Task statement: Return an exact copy of the lines from the one holding "3D box target: the bowl" to the end of the data, including both the starting and final lines. Leave the pictures out.

=== Supplied material ===

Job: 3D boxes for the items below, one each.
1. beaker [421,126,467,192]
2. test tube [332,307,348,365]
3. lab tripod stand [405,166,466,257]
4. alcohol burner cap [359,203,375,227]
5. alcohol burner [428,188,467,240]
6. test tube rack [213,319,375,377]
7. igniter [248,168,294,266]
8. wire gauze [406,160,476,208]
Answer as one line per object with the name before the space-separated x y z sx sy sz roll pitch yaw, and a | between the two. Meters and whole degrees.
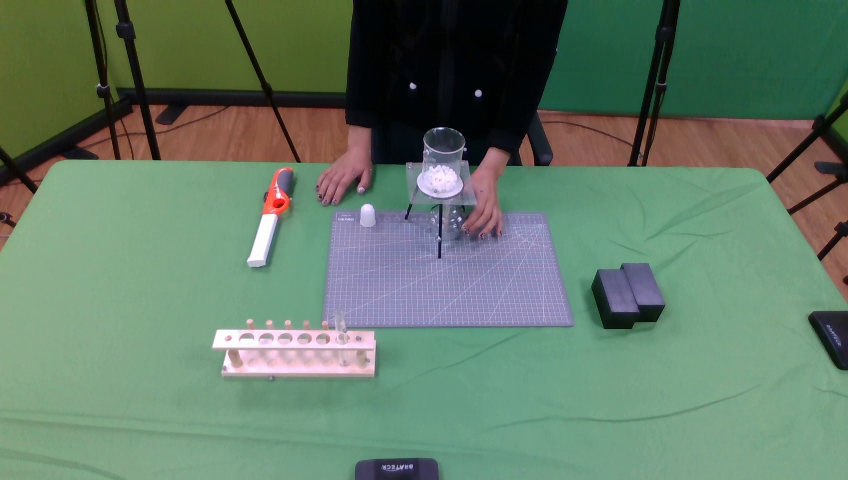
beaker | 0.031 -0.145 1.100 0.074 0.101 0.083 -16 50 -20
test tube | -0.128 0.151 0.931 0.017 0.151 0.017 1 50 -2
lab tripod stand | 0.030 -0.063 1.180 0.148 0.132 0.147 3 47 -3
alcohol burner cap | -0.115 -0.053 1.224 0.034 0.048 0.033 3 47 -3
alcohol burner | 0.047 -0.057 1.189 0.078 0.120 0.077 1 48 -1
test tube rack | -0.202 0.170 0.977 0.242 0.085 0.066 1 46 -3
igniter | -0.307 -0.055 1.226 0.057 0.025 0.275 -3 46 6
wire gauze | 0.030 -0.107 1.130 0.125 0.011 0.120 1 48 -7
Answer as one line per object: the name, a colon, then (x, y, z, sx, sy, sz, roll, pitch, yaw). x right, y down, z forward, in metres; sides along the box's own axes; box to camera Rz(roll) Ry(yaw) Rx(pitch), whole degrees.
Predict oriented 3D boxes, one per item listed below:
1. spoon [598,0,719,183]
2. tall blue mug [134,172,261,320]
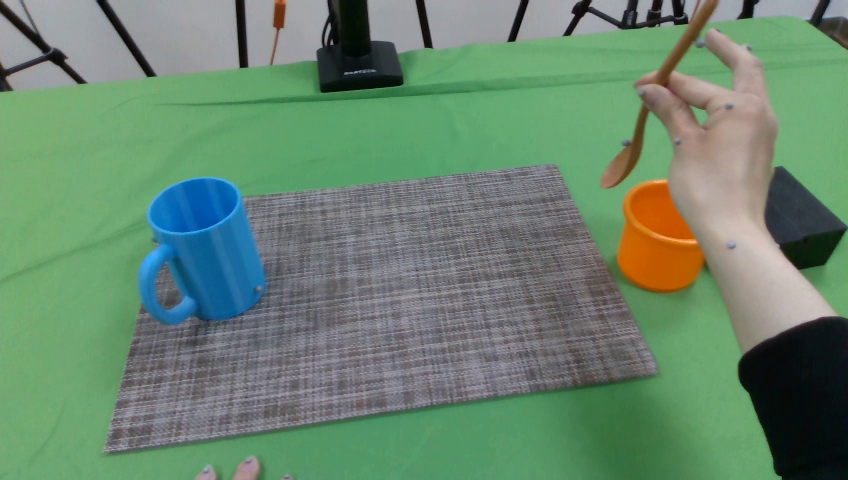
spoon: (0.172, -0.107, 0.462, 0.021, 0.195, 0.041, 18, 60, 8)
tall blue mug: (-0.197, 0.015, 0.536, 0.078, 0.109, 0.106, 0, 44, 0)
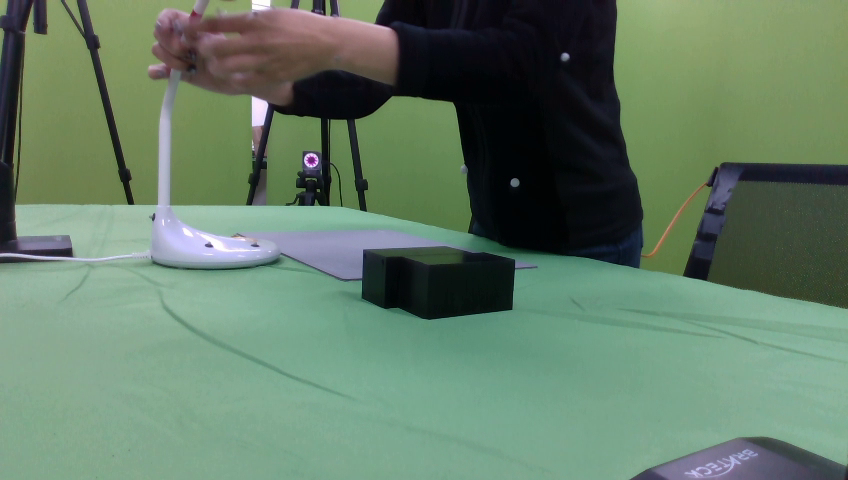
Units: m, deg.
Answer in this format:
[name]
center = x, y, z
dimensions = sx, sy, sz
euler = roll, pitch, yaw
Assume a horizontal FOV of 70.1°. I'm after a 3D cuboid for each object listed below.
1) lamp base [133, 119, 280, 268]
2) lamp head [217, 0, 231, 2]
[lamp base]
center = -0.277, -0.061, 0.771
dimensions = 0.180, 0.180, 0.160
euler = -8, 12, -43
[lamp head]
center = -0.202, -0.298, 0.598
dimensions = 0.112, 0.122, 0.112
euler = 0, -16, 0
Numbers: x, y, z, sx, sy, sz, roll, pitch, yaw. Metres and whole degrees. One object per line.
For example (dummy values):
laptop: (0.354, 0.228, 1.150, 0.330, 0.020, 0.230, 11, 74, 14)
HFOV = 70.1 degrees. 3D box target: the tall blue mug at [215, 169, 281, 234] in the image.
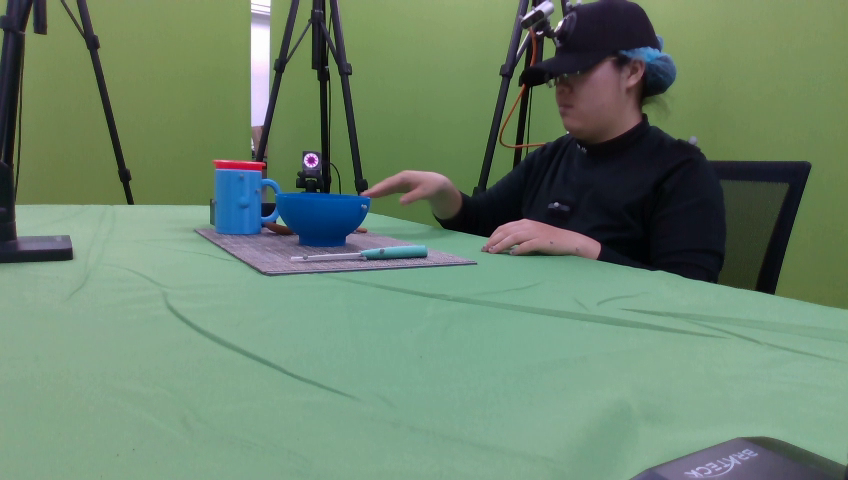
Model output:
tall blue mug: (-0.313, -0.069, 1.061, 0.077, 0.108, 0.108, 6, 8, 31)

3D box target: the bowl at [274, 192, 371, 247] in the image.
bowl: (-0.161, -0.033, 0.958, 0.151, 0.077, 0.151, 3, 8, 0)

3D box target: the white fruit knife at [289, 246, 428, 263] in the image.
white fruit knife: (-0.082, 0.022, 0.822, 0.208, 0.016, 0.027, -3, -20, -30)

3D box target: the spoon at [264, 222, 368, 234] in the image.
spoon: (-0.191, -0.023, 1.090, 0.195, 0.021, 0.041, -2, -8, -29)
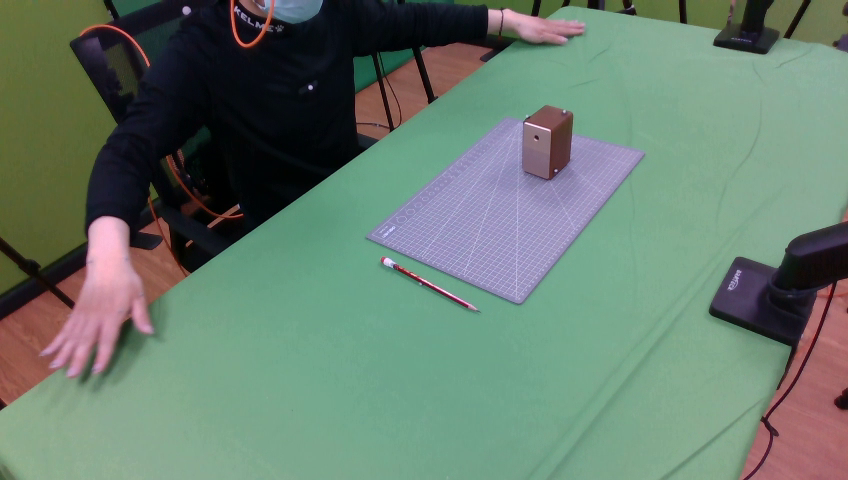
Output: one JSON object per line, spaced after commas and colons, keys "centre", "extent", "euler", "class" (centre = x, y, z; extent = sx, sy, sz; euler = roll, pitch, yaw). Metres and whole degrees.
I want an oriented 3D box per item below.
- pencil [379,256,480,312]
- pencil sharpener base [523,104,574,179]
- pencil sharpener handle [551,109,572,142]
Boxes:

===

Solved exercise:
3D box target: the bowl at [274, 192, 371, 247] in the image.
bowl: (-0.161, -0.033, 0.958, 0.151, 0.077, 0.151, 3, 8, 0)

3D box target: the white fruit knife at [289, 246, 428, 263] in the image.
white fruit knife: (-0.082, 0.022, 0.822, 0.208, 0.016, 0.027, -3, -20, -30)

3D box target: the spoon at [264, 222, 368, 234] in the image.
spoon: (-0.191, -0.023, 1.090, 0.195, 0.021, 0.041, -2, -8, -29)
Output: one JSON object per line, spaced after commas and colons, keys "centre", "extent", "euler", "class" (centre = x, y, z; extent = sx, sy, sz; euler = roll, pitch, yaw). Metres and whole degrees.
I want an oriented 3D box per item below.
- pencil [379,256,480,312]
- pencil sharpener base [523,104,574,179]
- pencil sharpener handle [551,109,572,142]
Boxes:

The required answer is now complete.